→ To do
The answer must consist of every line in the records that contains the word "circle".

Start of Raw data

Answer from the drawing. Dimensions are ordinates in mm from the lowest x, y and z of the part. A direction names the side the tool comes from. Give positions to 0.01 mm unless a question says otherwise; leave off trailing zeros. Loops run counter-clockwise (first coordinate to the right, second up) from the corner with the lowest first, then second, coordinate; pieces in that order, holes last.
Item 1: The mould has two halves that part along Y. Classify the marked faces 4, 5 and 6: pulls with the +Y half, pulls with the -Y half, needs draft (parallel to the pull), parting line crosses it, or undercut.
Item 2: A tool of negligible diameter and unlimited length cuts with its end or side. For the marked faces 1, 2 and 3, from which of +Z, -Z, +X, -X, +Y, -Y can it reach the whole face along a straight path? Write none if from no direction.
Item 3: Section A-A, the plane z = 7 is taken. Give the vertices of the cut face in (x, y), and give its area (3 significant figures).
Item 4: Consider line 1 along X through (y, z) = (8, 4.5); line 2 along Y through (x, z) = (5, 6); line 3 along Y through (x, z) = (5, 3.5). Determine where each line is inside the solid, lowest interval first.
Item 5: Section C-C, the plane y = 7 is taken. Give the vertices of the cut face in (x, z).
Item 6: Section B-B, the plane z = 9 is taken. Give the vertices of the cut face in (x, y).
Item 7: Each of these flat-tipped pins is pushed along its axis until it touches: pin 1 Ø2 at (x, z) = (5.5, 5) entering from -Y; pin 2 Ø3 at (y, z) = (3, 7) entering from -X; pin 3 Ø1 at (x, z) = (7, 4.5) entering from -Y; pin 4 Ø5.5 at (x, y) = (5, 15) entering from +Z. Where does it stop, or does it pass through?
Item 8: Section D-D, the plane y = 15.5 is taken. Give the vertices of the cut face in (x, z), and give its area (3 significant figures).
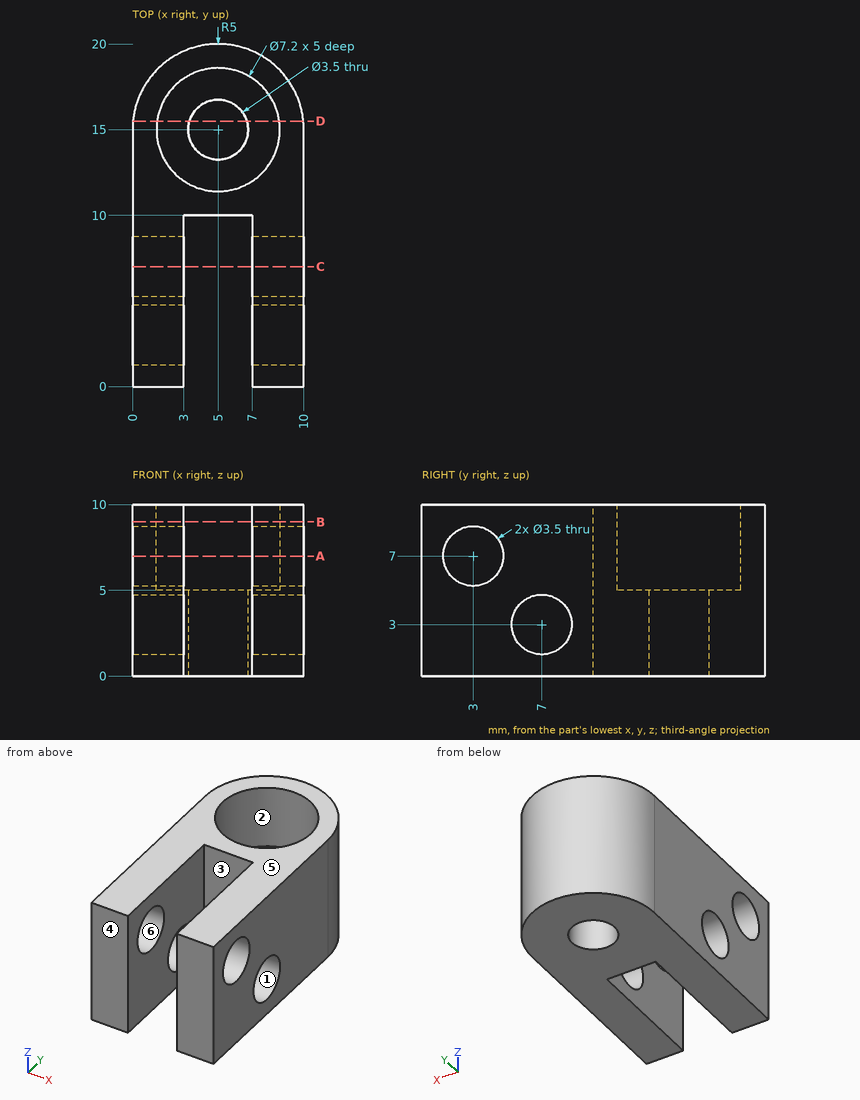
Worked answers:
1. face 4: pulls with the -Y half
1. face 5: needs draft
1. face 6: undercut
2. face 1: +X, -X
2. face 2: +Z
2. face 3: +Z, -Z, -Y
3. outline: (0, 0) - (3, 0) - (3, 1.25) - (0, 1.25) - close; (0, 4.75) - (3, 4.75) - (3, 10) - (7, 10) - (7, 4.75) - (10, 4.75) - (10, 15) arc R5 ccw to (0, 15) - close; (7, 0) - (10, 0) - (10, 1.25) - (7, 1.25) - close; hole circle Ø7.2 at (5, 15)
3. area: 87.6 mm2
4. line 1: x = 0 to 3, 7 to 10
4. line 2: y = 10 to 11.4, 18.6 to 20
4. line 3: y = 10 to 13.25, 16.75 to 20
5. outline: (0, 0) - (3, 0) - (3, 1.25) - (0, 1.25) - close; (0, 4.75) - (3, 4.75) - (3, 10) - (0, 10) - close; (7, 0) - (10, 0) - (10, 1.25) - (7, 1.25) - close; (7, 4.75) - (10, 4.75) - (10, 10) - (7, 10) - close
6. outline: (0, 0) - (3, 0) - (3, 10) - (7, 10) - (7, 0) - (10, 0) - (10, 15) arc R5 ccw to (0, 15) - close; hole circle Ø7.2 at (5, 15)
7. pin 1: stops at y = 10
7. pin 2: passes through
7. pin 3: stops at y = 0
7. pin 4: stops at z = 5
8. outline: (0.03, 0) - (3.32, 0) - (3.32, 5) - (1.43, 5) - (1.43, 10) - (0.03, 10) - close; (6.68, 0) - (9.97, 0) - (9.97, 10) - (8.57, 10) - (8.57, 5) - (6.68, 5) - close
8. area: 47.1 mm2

End of Raw data

→ Finished task
3. outline: (0, 0) - (3, 0) - (3, 1.25) - (0, 1.25) - close; (0, 4.75) - (3, 4.75) - (3, 10) - (7, 10) - (7, 4.75) - (10, 4.75) - (10, 15) arc R5 ccw to (0, 15) - close; (7, 0) - (10, 0) - (10, 1.25) - (7, 1.25) - close; hole circle Ø7.2 at (5, 15)
6. outline: (0, 0) - (3, 0) - (3, 10) - (7, 10) - (7, 0) - (10, 0) - (10, 15) arc R5 ccw to (0, 15) - close; hole circle Ø7.2 at (5, 15)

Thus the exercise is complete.